De Moscou à Jérusalem en passant par l'Angleterre ou le Périgord français, de jeunes adultes des années 1940 témoignent, à la veille du 75e anniversaire de la fin de la guerre

Lutz Rackow, survivant de la Seconde guerre mondiale, en interview à son domicile de Berlin, le 30 avril 2020. (Crédit : Odd ANDERSEN / AFP)
Lutz Rackow, survivant de la Seconde guerre mondiale, en interview à son domicile de Berlin, le 30 avril 2020. (Crédit : Odd ANDERSEN / AFP)

A la veille du 75e anniversaire de la fin de la Deuxième guerre mondiale, dans un monde paralysé par la pandémie de coronavirus, ceux qui ont vécu le conflit et les années qui ont suivi rappellent que les rigueurs endurées restent incomparables.

La comparaison a été évoquée, notamment par le secrétaire général de l’ONU Antonio Guterres, qui a parlé de « la pire crise mondiale depuis 1945 ».

De Moscou à Jérusalem en passant par le sud-ouest de l’Angleterre ou le Périgord français, de jeunes adultes des années 1940 témoignent.

Joan Hall, 95 ans, Royaume-Uni : le retour de « l’esprit de communauté »

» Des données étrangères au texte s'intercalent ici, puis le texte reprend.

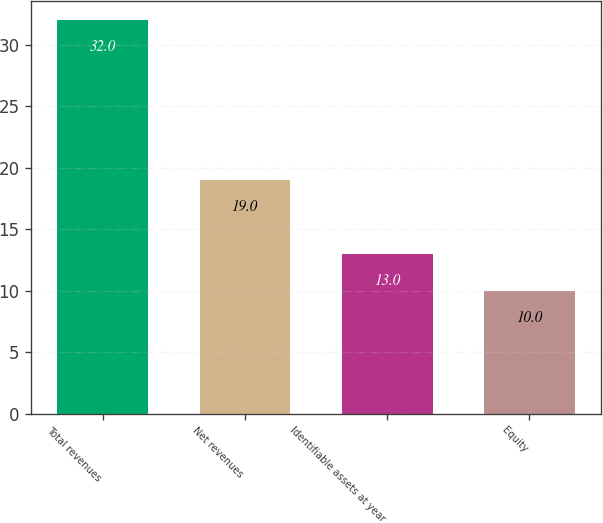Convert chart to OTSL. <chart><loc_0><loc_0><loc_500><loc_500><bar_chart><fcel>Total revenues<fcel>Net revenues<fcel>Identifiable assets at year<fcel>Equity<nl><fcel>32<fcel>19<fcel>13<fcel>10<nl></chart> 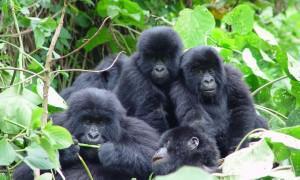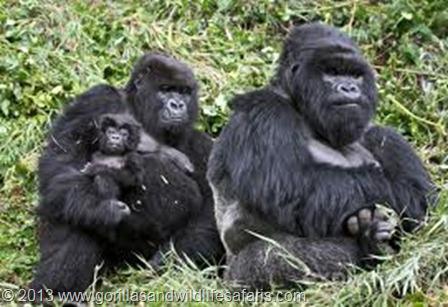The first image is the image on the left, the second image is the image on the right. Given the left and right images, does the statement "The image on the right shows at least one baby gorilla atop an adult gorilla that is not facing the camera." hold true? Answer yes or no. No. The first image is the image on the left, the second image is the image on the right. Considering the images on both sides, is "Atleast 3 animals in every picture." valid? Answer yes or no. Yes.

« Pendant la guerre, vous pouviez sortir prendre un verre ou dîner. Ce virus, ils vous forcent à rester à la maison. Et en ce qui me concerne, je préfère les années de guerre à ce virus ! », prévient d’emblée Joan Hall.

La guerre de 39-45, elle l’a d’abord vécue à Birmingham (ouest), chez ses parents avant de s’engager à 17 ans dans la Women Royal Air Force, où elle a servi pendant quatre ans, principalement à la cantine des officiers.

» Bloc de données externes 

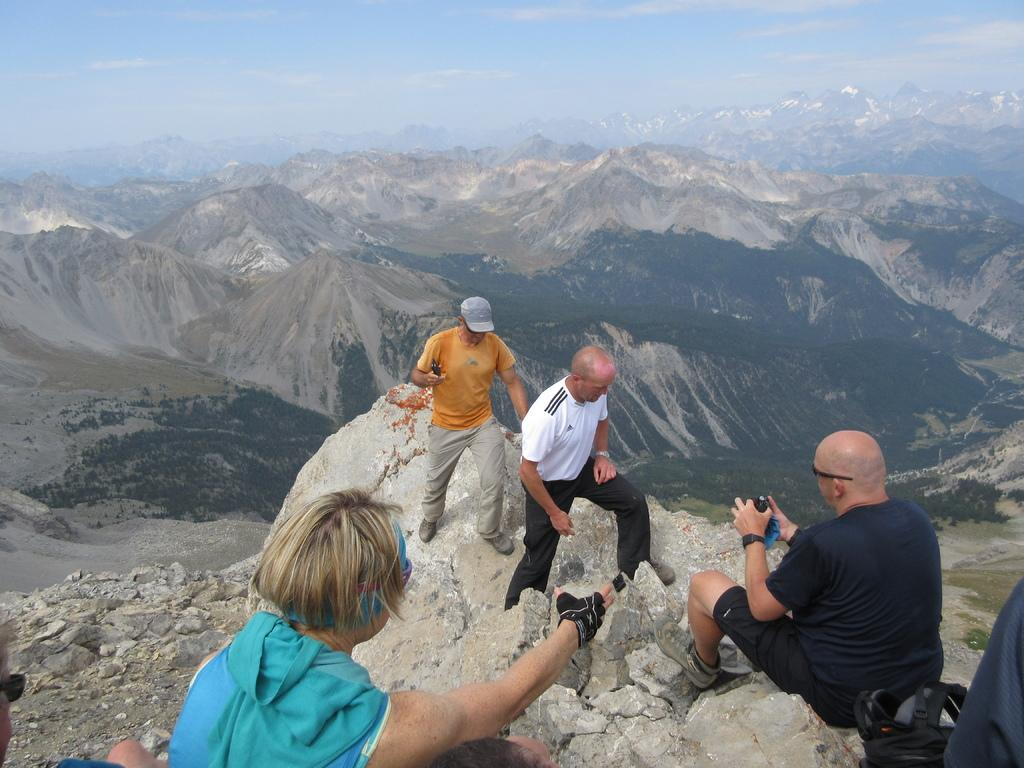What can be seen on the hill in the image? There are people on the hill in the image. What is present on the ground near the hill? There are stones on the ground. What can be seen in the distance behind the hill? There are hills visible in the background. How would you describe the sky in the image? The sky is cloudy in the image. How many horses are present on the hill in the image? There are no horses present on the hill in the image. What type of power source can be seen in the image? There is no power source visible in the image. 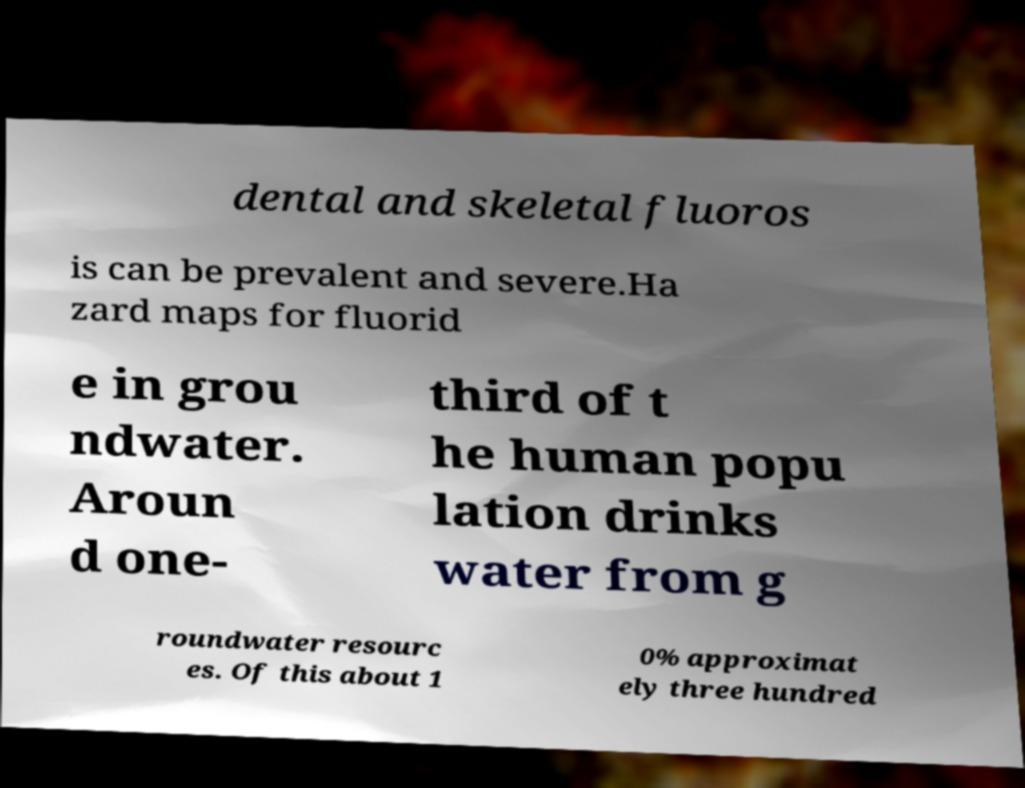What messages or text are displayed in this image? I need them in a readable, typed format. dental and skeletal fluoros is can be prevalent and severe.Ha zard maps for fluorid e in grou ndwater. Aroun d one- third of t he human popu lation drinks water from g roundwater resourc es. Of this about 1 0% approximat ely three hundred 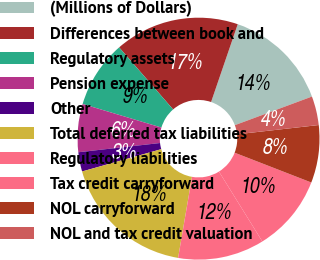Convert chart. <chart><loc_0><loc_0><loc_500><loc_500><pie_chart><fcel>(Millions of Dollars)<fcel>Differences between book and<fcel>Regulatory assets<fcel>Pension expense<fcel>Other<fcel>Total deferred tax liabilities<fcel>Regulatory liabilities<fcel>Tax credit carryforward<fcel>NOL carryforward<fcel>NOL and tax credit valuation<nl><fcel>14.09%<fcel>16.65%<fcel>8.98%<fcel>6.42%<fcel>2.58%<fcel>17.93%<fcel>11.54%<fcel>10.26%<fcel>7.7%<fcel>3.86%<nl></chart>

« Tout le monde était très aimable, on travaillait ensemble, on se serrait les coudes. Et maintenant, il me semble que ce virus rapproche de nouveau les gens », assure cette dame de 95 ans qui vit aujourd’hui seule dans sa maison de Fairford, à 50 kilomètres d’Oxford, dans le sud-ouest de l’Angleterre.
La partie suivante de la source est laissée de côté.